Grind the peppercorns, cloves, cinnamon, oregano, thyme, paprika and salt in a spice grinder and grind to a powder.

Remove the stems and seeds from the dried chili peppers. Heat a cast-iron skillet over medium-high heat and press the chilis into the skillet with a utensil to dry roast them on each side. Place dry-roasted chilis in a bowl and pour boiling water over them to cover. Place a small plate on top to keep them submerged. Let stand 30 minutes til completely rehydrated.

Combine spice mixture, rehydrated chilis, garlic and vinegar in a food processor and process into a paste. 

Mix paste and pork thoroughly together with a wooden spoon or your hands. 

Cover tightly with plastic wrap and refrigerate overnight to allow flavors to marry.Cook

Chipotle Beef Tamale Filling Recipe
4 dried anchos chiles, stemmed, seeded and torn into 1/2 inch pieces
3 Tbsp vegetable oil
1 large onion, chopped
6 garlic cloves, minced
1 1/2 Tbsp miced canned chipotle chile in adobo sauce
1 tsp dried oregano
1 tsp sugar, plus extra as needed
3/4 cup ground cumin
1/2 tsp ground cinnamon
1/8 tsp ground cloves
Salt and Pepper
3 cups beef broth
1 3/4 pounds top blade steaks, trimmed
1 1/2 Tbsp red wine vinegar

1.  Toast anchos in skillet over medium heat, stirring frequently until fragrant. 2-6 minutes and transfer fo bowl.
2. Heat oil in skillet and add onion and cook until softened.
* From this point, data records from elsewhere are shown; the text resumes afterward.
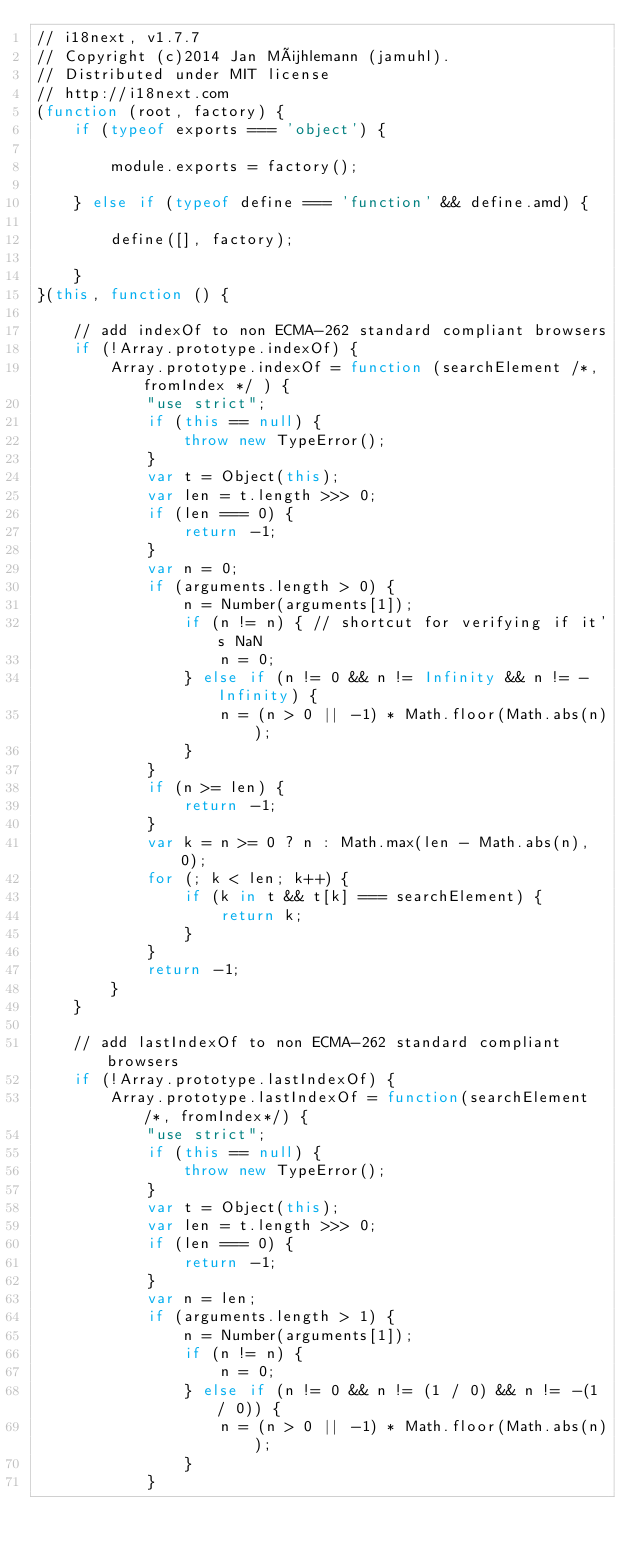Convert code to text. <code><loc_0><loc_0><loc_500><loc_500><_JavaScript_>// i18next, v1.7.7
// Copyright (c)2014 Jan Mühlemann (jamuhl).
// Distributed under MIT license
// http://i18next.com
(function (root, factory) {
    if (typeof exports === 'object') {

        module.exports = factory();

    } else if (typeof define === 'function' && define.amd) {

        define([], factory);

    } 
}(this, function () {

    // add indexOf to non ECMA-262 standard compliant browsers
    if (!Array.prototype.indexOf) {
        Array.prototype.indexOf = function (searchElement /*, fromIndex */ ) {
            "use strict";
            if (this == null) {
                throw new TypeError();
            }
            var t = Object(this);
            var len = t.length >>> 0;
            if (len === 0) {
                return -1;
            }
            var n = 0;
            if (arguments.length > 0) {
                n = Number(arguments[1]);
                if (n != n) { // shortcut for verifying if it's NaN
                    n = 0;
                } else if (n != 0 && n != Infinity && n != -Infinity) {
                    n = (n > 0 || -1) * Math.floor(Math.abs(n));
                }
            }
            if (n >= len) {
                return -1;
            }
            var k = n >= 0 ? n : Math.max(len - Math.abs(n), 0);
            for (; k < len; k++) {
                if (k in t && t[k] === searchElement) {
                    return k;
                }
            }
            return -1;
        }
    }
    
    // add lastIndexOf to non ECMA-262 standard compliant browsers
    if (!Array.prototype.lastIndexOf) {
        Array.prototype.lastIndexOf = function(searchElement /*, fromIndex*/) {
            "use strict";
            if (this == null) {
                throw new TypeError();
            }
            var t = Object(this);
            var len = t.length >>> 0;
            if (len === 0) {
                return -1;
            }
            var n = len;
            if (arguments.length > 1) {
                n = Number(arguments[1]);
                if (n != n) {
                    n = 0;
                } else if (n != 0 && n != (1 / 0) && n != -(1 / 0)) {
                    n = (n > 0 || -1) * Math.floor(Math.abs(n));
                }
            }</code> 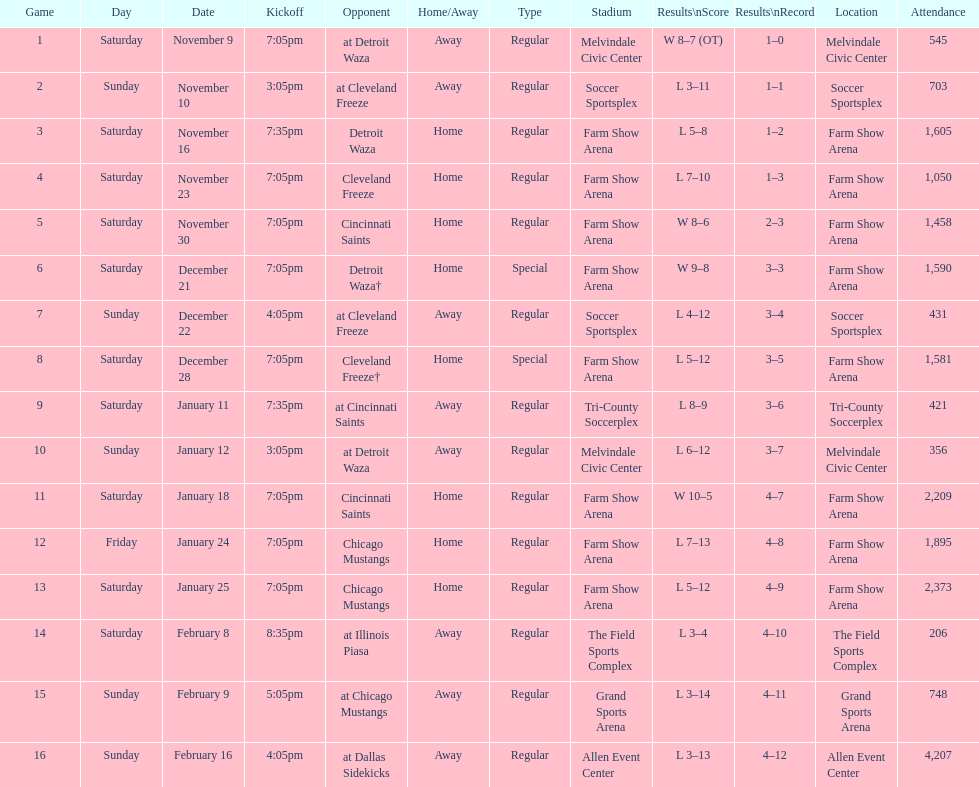Who was the first opponent on this list? Detroit Waza.

Stir in garlic, chipotle, oregano, sugar, cumin, cinnamon, cloves, 1 tsp salt, and toasted chiles and cook for 30 seconds. Stir in broth and simmer until slightly reduced, about 10 minutes. Transer mixture to blender and process until smooth, about 20 seconds, return to skillet.
3. Season beef with salt and pepper, nestle into skillet, and bring to simmer over medium heat. Cover, reduce heat to low, and cook until beef is very tender, about 1 1/2 hours.
Transfer beef to carving board and let cool slightly. Using 2 forks, shred beef into small pieces. Stir vinegar into sauce and season with salt, pepper and sugar to taste. Toss shredded beef with 1 cup sauce. Reheat remaining sauce and serve with tamales.